• _TASK REQUIREMENTS_:
Using the listing below, retype exactly the lines starting at the one with "size: [sx, sy, sz]" and ending at the one with "Lens: 19.0° across the image width.", and include both.

• _SUPPLIED RECORDS_:
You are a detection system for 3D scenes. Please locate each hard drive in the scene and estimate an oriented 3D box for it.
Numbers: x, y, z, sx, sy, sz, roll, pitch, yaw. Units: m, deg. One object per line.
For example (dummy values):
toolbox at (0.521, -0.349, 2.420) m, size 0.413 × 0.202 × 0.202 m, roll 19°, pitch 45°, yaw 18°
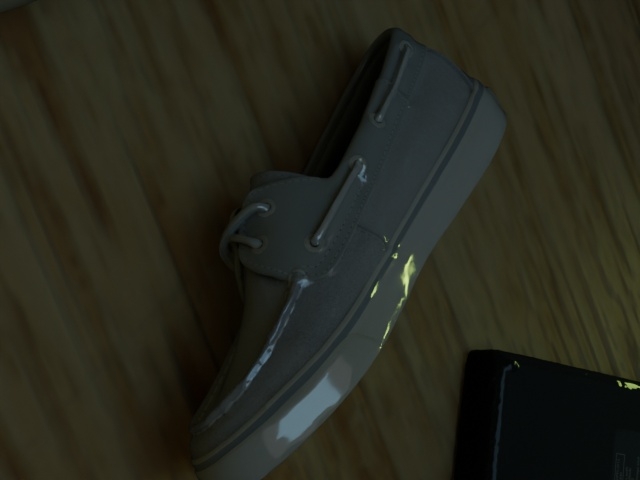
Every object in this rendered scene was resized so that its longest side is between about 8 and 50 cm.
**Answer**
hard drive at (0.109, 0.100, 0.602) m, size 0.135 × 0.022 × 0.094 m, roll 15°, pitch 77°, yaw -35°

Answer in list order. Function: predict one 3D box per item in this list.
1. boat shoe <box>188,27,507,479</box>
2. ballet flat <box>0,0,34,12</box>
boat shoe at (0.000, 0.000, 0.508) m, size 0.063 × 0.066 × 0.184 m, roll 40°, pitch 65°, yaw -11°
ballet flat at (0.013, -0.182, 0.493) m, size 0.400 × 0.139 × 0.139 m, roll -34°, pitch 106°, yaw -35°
...
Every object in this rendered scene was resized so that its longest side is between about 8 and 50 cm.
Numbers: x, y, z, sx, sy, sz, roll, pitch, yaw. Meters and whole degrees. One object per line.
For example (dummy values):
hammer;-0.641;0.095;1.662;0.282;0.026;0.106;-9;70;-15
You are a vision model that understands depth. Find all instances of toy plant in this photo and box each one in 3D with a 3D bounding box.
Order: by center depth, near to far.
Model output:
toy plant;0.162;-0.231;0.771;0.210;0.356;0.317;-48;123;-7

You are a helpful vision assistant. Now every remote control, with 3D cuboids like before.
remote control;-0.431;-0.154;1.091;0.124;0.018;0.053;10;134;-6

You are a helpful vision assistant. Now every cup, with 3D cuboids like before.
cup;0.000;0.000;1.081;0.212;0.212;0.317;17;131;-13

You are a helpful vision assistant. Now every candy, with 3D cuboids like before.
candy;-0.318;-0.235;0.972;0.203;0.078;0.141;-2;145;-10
...
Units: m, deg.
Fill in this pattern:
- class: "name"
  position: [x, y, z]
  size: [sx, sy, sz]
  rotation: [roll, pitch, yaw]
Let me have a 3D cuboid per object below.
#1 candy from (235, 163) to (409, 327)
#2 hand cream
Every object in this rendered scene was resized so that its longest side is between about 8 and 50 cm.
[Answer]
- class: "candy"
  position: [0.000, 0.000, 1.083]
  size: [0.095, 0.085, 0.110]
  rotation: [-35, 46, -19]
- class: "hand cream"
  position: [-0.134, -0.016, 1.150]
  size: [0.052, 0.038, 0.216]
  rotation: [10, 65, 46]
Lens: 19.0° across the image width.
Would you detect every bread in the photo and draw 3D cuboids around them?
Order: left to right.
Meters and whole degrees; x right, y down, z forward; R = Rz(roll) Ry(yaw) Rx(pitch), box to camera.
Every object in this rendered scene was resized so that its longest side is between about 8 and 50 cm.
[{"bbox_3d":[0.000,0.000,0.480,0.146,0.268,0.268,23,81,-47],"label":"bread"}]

• _REPLY TO THE EXERCISE_:
  size: [sx, sy, sz]
  rotation: [roll, pitch, yaw]
Let me have a 3D cuboid per object below.
#1 candy from (235, 163) to (409, 327)
#2 hand cream
Every object in this rendered scene was resized so that its longest side is between about 8 and 50 cm.
[Answer]
- class: "candy"
  position: [0.000, 0.000, 1.083]
  size: [0.095, 0.085, 0.110]
  rotation: [-35, 46, -19]
- class: "hand cream"
  position: [-0.134, -0.016, 1.150]
  size: [0.052, 0.038, 0.216]
  rotation: [10, 65, 46]
Lens: 19.0° across the image width.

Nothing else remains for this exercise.